Cirrhosis of the liver is the dying off of the liver cells. The death creates hepatic stellate cells (liver myofibrobriasts – scarring of the liver) in the liver. These are damaged cells. At this time there is some speculation that Sulphasalazine, an inexpensive available drug used for arthritis, may reverse the scarring by helping the scar tissue to melt away and offer some alternative other than death.
Oddly, the amount of damage to the liver, as shown from a biopsy and the final outcome often do not seem to be in sync. A patient my have no symptoms and live a normal lifespan, or a person may have many symptoms, seem to have minimal disease, and die prematurely. It is believed that a well-balanced diet, a exercise routine program, maintaining normal weight (fat stores more toxins than lean tissue), and avoiding an excess consumption of alcohol are all major factors.
Cirrhosis – LIVER DISEASE
The MELD6 (model for end-stage liver disease) score is how medical experts evaluate the stage of progression of liver disease. The following quote explains this test briefly.
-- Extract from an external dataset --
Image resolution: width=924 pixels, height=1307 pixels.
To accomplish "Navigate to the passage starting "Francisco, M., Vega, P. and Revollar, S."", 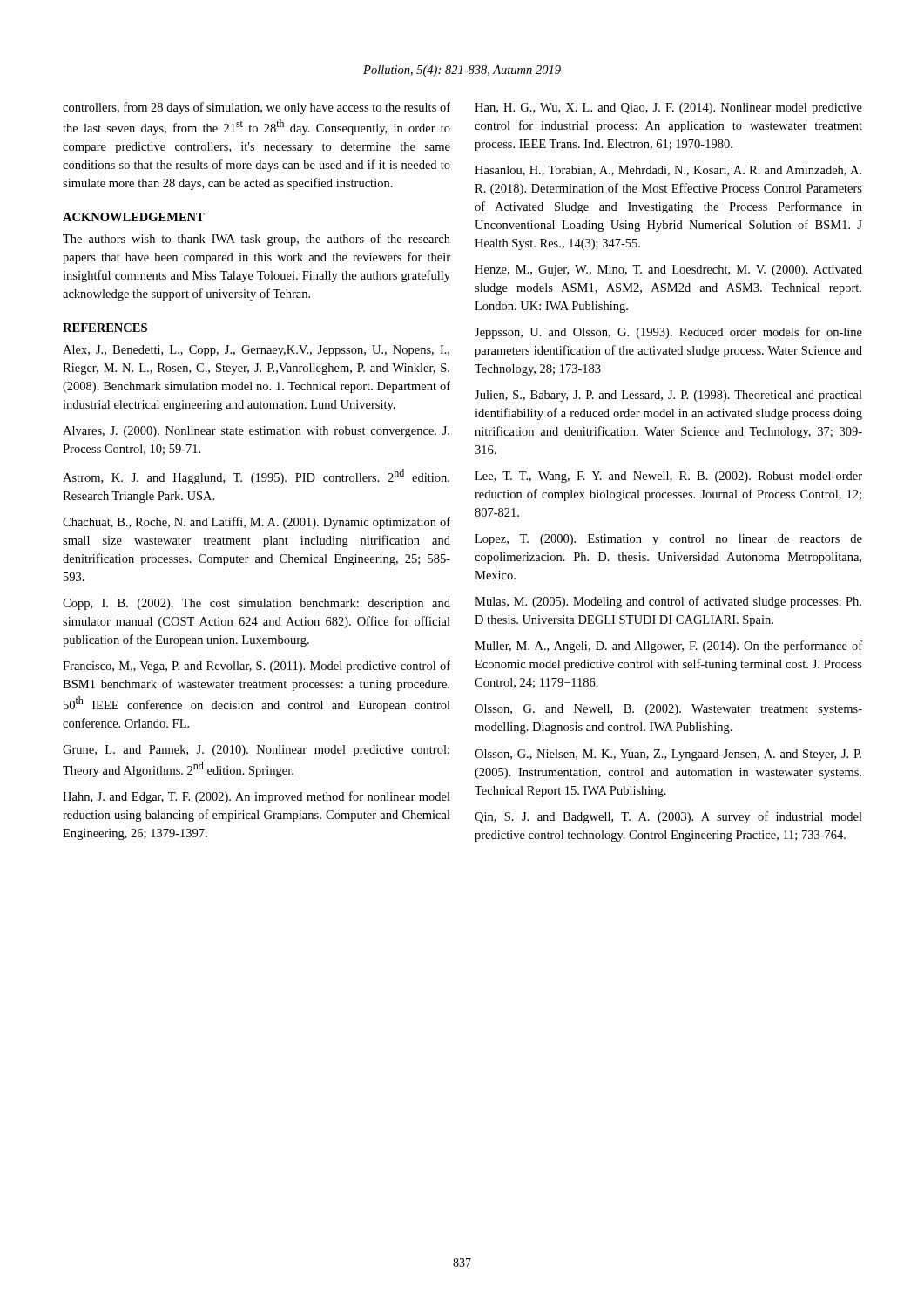I will [257, 694].

The MELD score is based on three blood tests:
• international normalized ratio (INR)—tests the clotting tendency of blood
• bilirubin—tests the amount of bile pigment in the blood
• creatinine—tests kidney function
MELD scores usually range between 6 and 40, with a score of 6 indicating the best likelihood of 90-day survival.
Liver Cirrhosis Treatments
As mentioned earlier, the cirrhosis of the liver patient often develops other medical challenges or complications such as pancreatitis, and/or cancer as a result of excessive drinking of alcohol or serious infections like hepatitis. Like pouring water into a sieve, the medical staff will need to treat each symptom (each stream of water coming out of the sieve). However, some of the treatments may be counter indicated as the liver needs to be able to function as normally as possible. For example:
• Many vitamins, minerals and herbal blends are hard on the liver.
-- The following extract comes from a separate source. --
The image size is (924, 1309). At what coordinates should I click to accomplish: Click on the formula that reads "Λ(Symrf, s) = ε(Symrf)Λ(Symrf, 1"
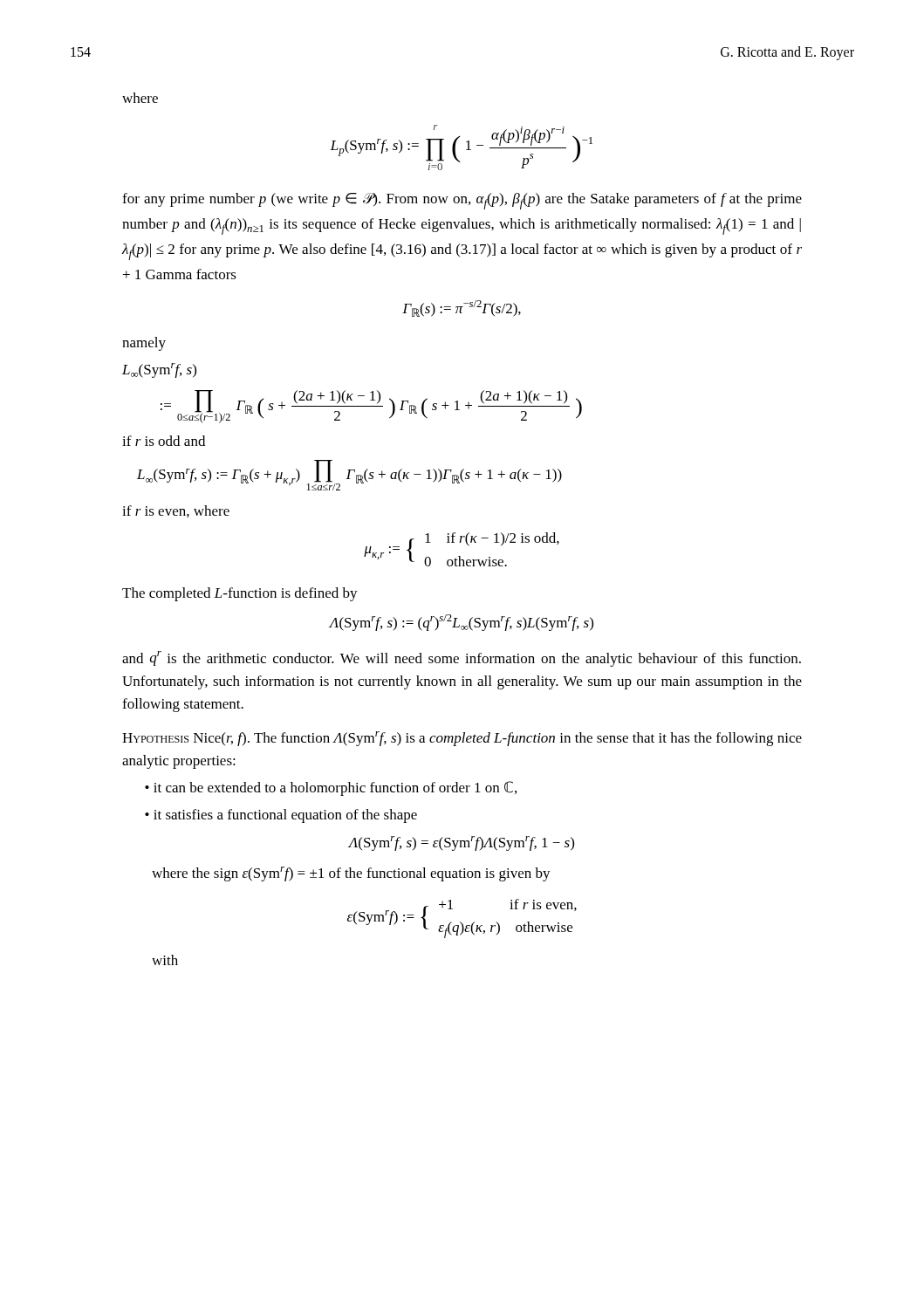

• Diuretics (for fluid retention) or antibiotics (for infections) may further weaken the liver.
• Medication for high blood pressure may help that problem but might not be indicated if internal bleeding is occurring.
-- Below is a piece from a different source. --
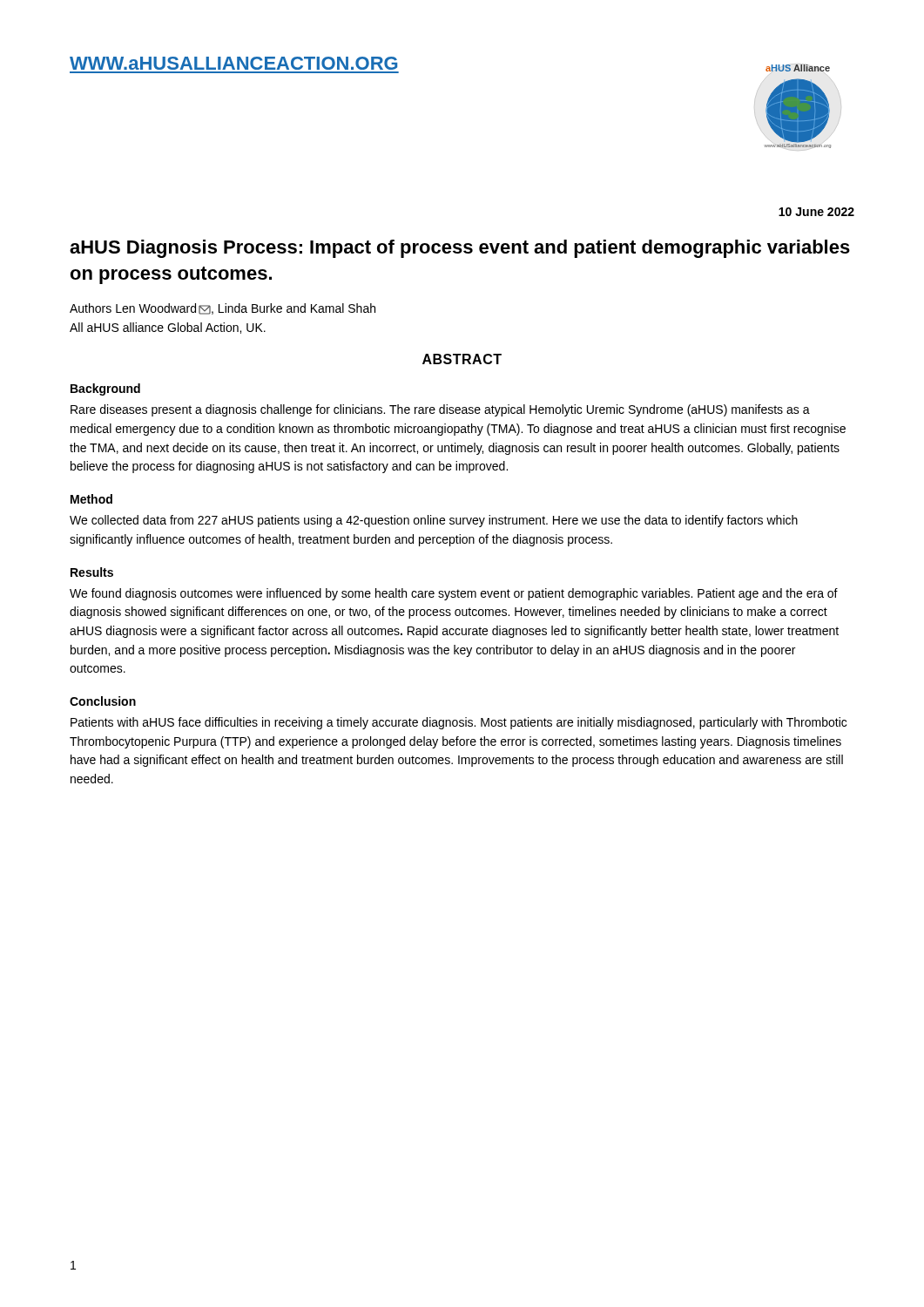Find "10 June 2022" on this page

[x=816, y=212]

• The bowel may need to be cleaned with an antibiotic and eating protein reduced to increase functioning of the digestive tract. However, that treatment might aggravate another symptom.
• Varices (dilated blood vessels) may burst and require emergency band-ligation to stop the bleeding, but there is a limit to the possible positive interventions.
• Hepatorenal syndrome (HRS – renal failure) or hemorrhage often exists in late stage liver failure. The average survival rate for type 1 HRS is three months. Stage two HRS offers about six months of life. The following direct quote explains what to look for to evaluate the stage of failure:
Criteria for diagnosis of hepatorenal syndrome in cirrhosis.
• Cirrhosis with ascites
• Serum creatinine >1.5mg/dl (133μmol/L)
• Absence of shock
• Absence of hypovolemia as defined by no sustained improvement of renal function (creatinine decreasing to <133μmol/L) following at least 2 days of diuretic withdrawal (if on diuretics), and volume expansion with albumin at 1g/kg/day up to a maximum of 100g/day
• No current or recent treatment with nephrotoxic drugs
• Absence of parenchymal renal disease as defined by proteinuria <0.5g/day, no microhaematuria (
All research points to care and caution related to the liver if a long life is your goal. Once the diagnosis has been made, the quality and length of life will be reduced significantly depending on the stage of development, and the number and severity of additional complications.